Count the lines of data below that include "degrees". Provide only the number.

Source information section start

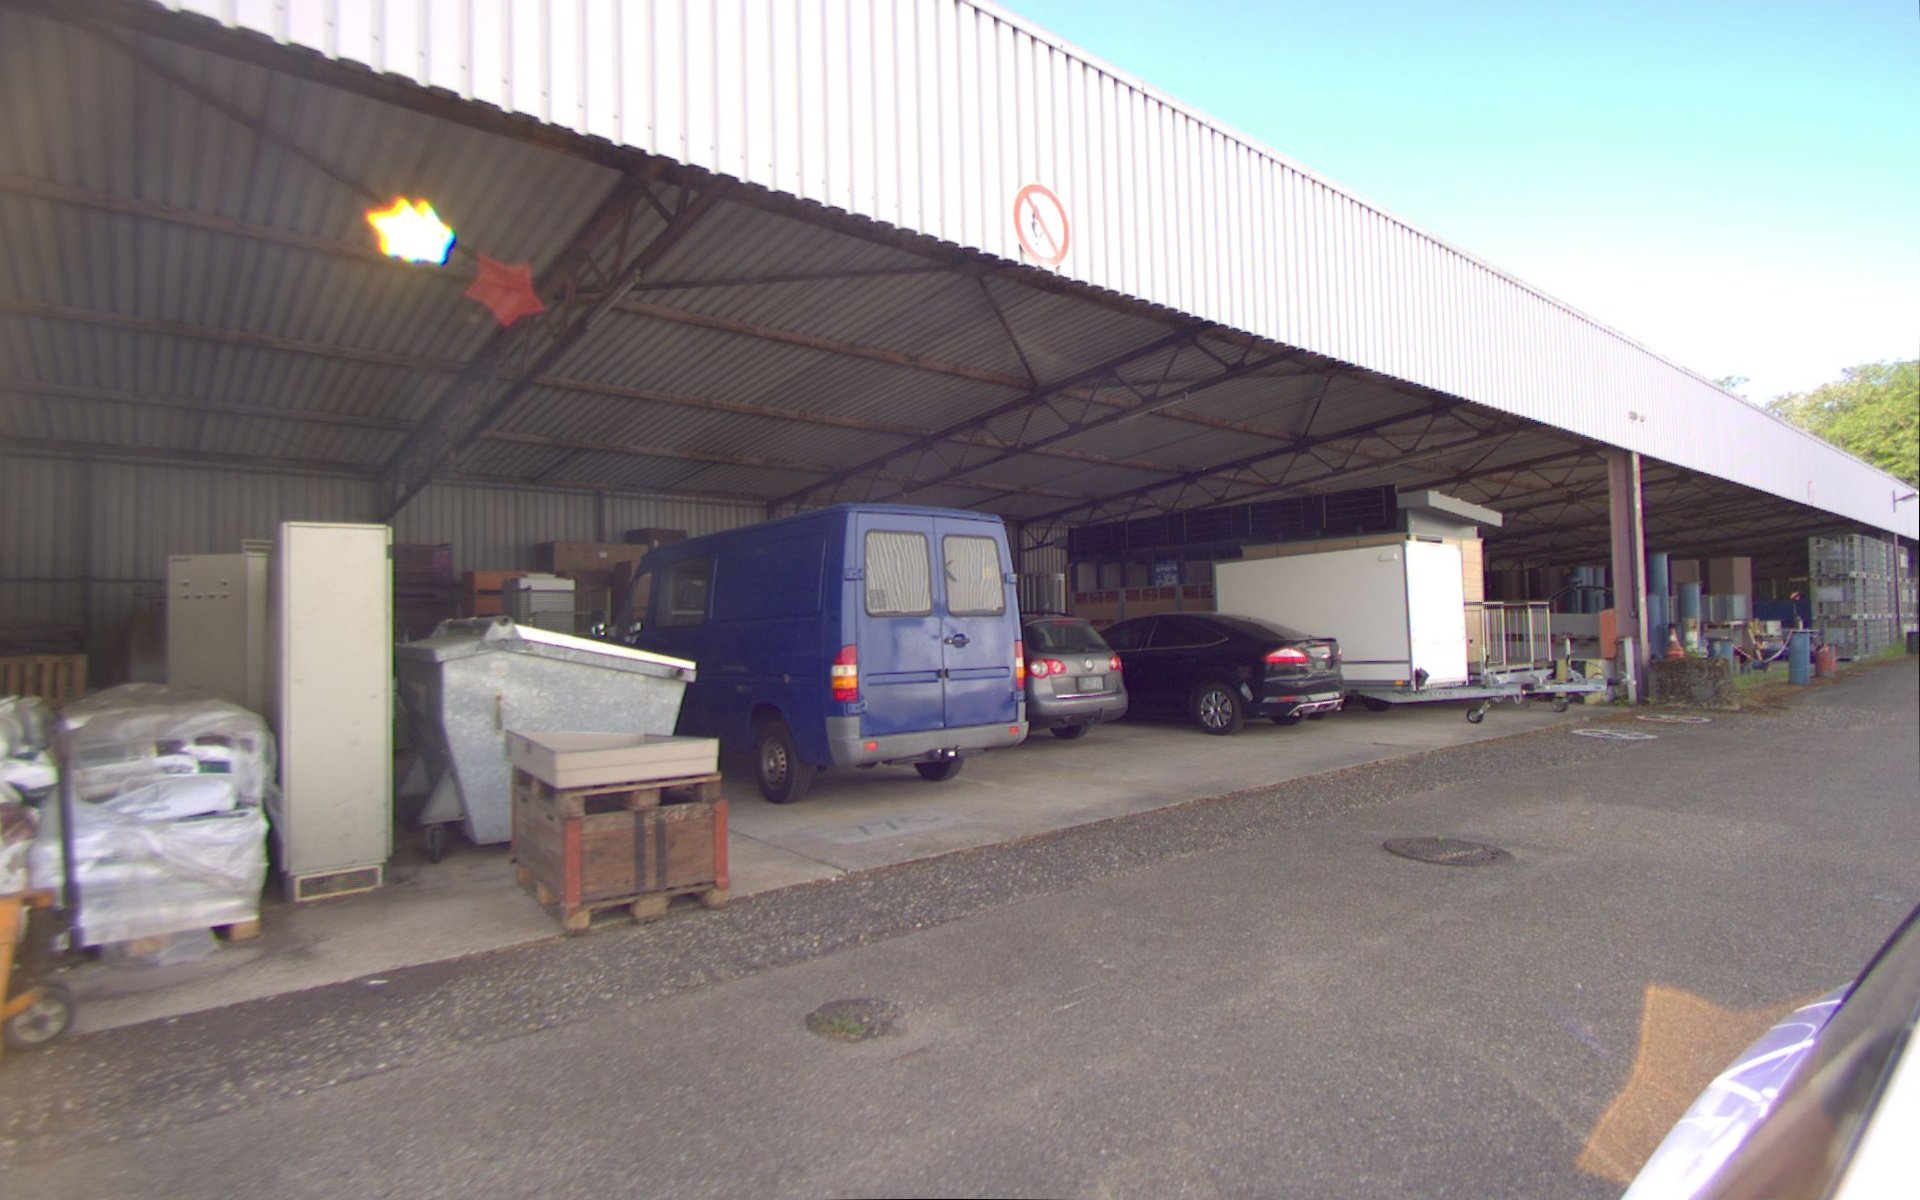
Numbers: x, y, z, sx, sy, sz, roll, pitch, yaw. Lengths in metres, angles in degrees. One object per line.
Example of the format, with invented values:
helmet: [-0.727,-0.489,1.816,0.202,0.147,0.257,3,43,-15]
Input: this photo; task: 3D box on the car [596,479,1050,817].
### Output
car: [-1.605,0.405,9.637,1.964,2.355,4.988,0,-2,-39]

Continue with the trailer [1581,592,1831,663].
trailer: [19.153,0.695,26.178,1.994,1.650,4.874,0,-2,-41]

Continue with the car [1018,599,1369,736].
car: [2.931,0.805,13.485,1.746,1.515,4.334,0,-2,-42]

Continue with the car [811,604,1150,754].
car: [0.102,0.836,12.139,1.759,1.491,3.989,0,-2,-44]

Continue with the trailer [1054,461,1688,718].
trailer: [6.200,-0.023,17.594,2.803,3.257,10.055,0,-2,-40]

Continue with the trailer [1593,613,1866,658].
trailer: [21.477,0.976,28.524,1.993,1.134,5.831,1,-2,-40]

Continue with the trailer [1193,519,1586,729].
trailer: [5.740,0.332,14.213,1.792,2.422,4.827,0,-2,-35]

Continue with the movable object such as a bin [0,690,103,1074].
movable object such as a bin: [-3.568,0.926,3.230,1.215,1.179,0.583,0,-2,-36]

Source information section end
Source information section start

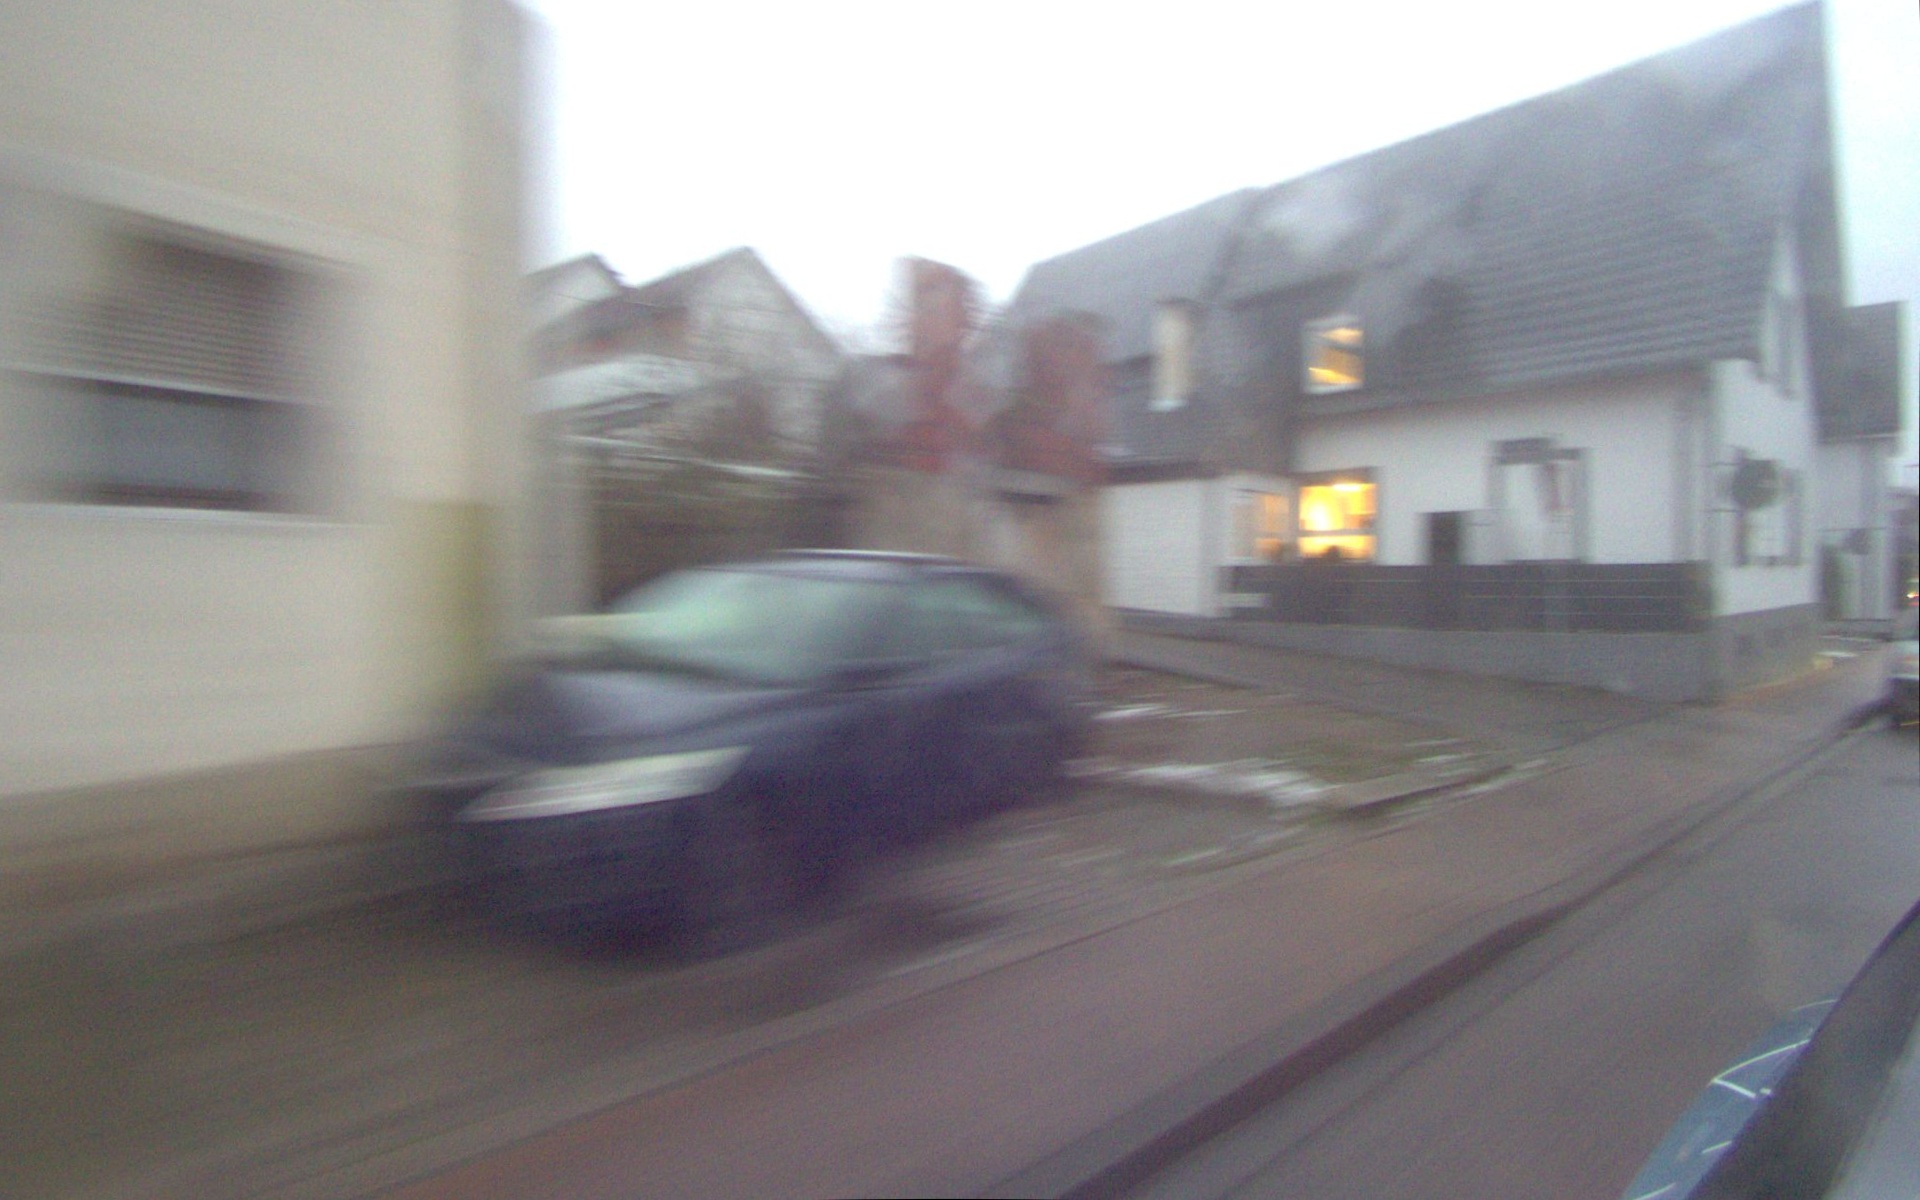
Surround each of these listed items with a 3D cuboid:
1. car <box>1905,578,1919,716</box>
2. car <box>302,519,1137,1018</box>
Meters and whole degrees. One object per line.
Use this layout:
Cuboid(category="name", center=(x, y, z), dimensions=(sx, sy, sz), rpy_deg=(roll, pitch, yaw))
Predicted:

Source information section end

Answer space:
2